The owners plan to use the conveyor belt to save beginning skiers a walk uphill during lessons. They also plan to widen a lift line at the Spur Catwalk.
Whether logging is feasible this year is less certain, given the late start to the project and the onset of winter weather in two months or less.
Despite the imminent start of construction, Snowbowl's owners remain in court with a second lawsuit. They are fighting a handful of local plaintiffs who assert that using reclaimed water to make snow might not be safe for skiers or the environment.
As part of that case, both sides have agreed that no snowmaking-related construction would begin until after a ruling in federal district court in Phoenix. That is expected to happen in late October, said attorney for the plaintiffs Howard Shanker.
Shanker has vowed to appeal any decision not in his favor to the 9th U.S..
Eric Borowsky, a Snowbowl part-owner, said that if he wins at the district court level this fall, he would start construction as soon as possible in order to make artificial snow in the winter of 2011-12.
"We're hopeful that the judge will rule in our favor," Borowsky said. "And if she does, we'll probably start construction. If it happens to be a dry winter, we would start construction on the (water) pipeline from Highway 180 back to Thorpe Park almost immediately."
Borowsky's attorneys are seeking to have the case thrown out on the grounds that some of the plaintiffs are obstructing any possible resolution by opposing either reclaimed or drinking water to make snow -- a position some of them openly acknowledged at the outset.

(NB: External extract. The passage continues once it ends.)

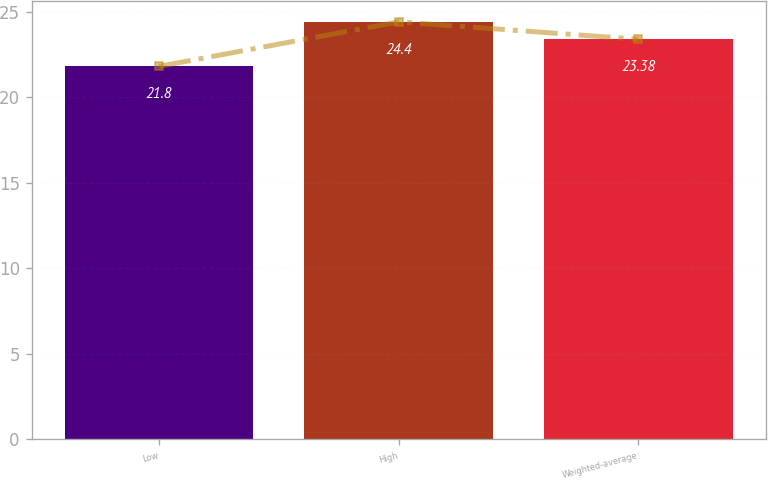Convert chart to OTSL. <chart><loc_0><loc_0><loc_500><loc_500><bar_chart><fcel>Low<fcel>High<fcel>Weighted-average<nl><fcel>21.8<fcel>24.4<fcel>23.38<nl></chart>

The plaintiffs suing the U.S. Forest Service since 2009 in this lawsuit are the Save the Peaks Coalition, Kristin Huisinga, Clayson Benally, Sylvan Grey, Don Fanning, Jeneda Benally, Frederica Hall, Berta Benally, Rachel Tso and Lisa Tso.
Tribes suing the federal government to prevent snowmaking lost their argument that allowing more development would infringe on their religious freedoms in June 2009, when the U.S. Supreme Court declined to hear their case, leaving in place a 9th Circuit ruling that allowed snowmaking.
Cyndy Cole can be reached at 913-8607 or at email@example.com.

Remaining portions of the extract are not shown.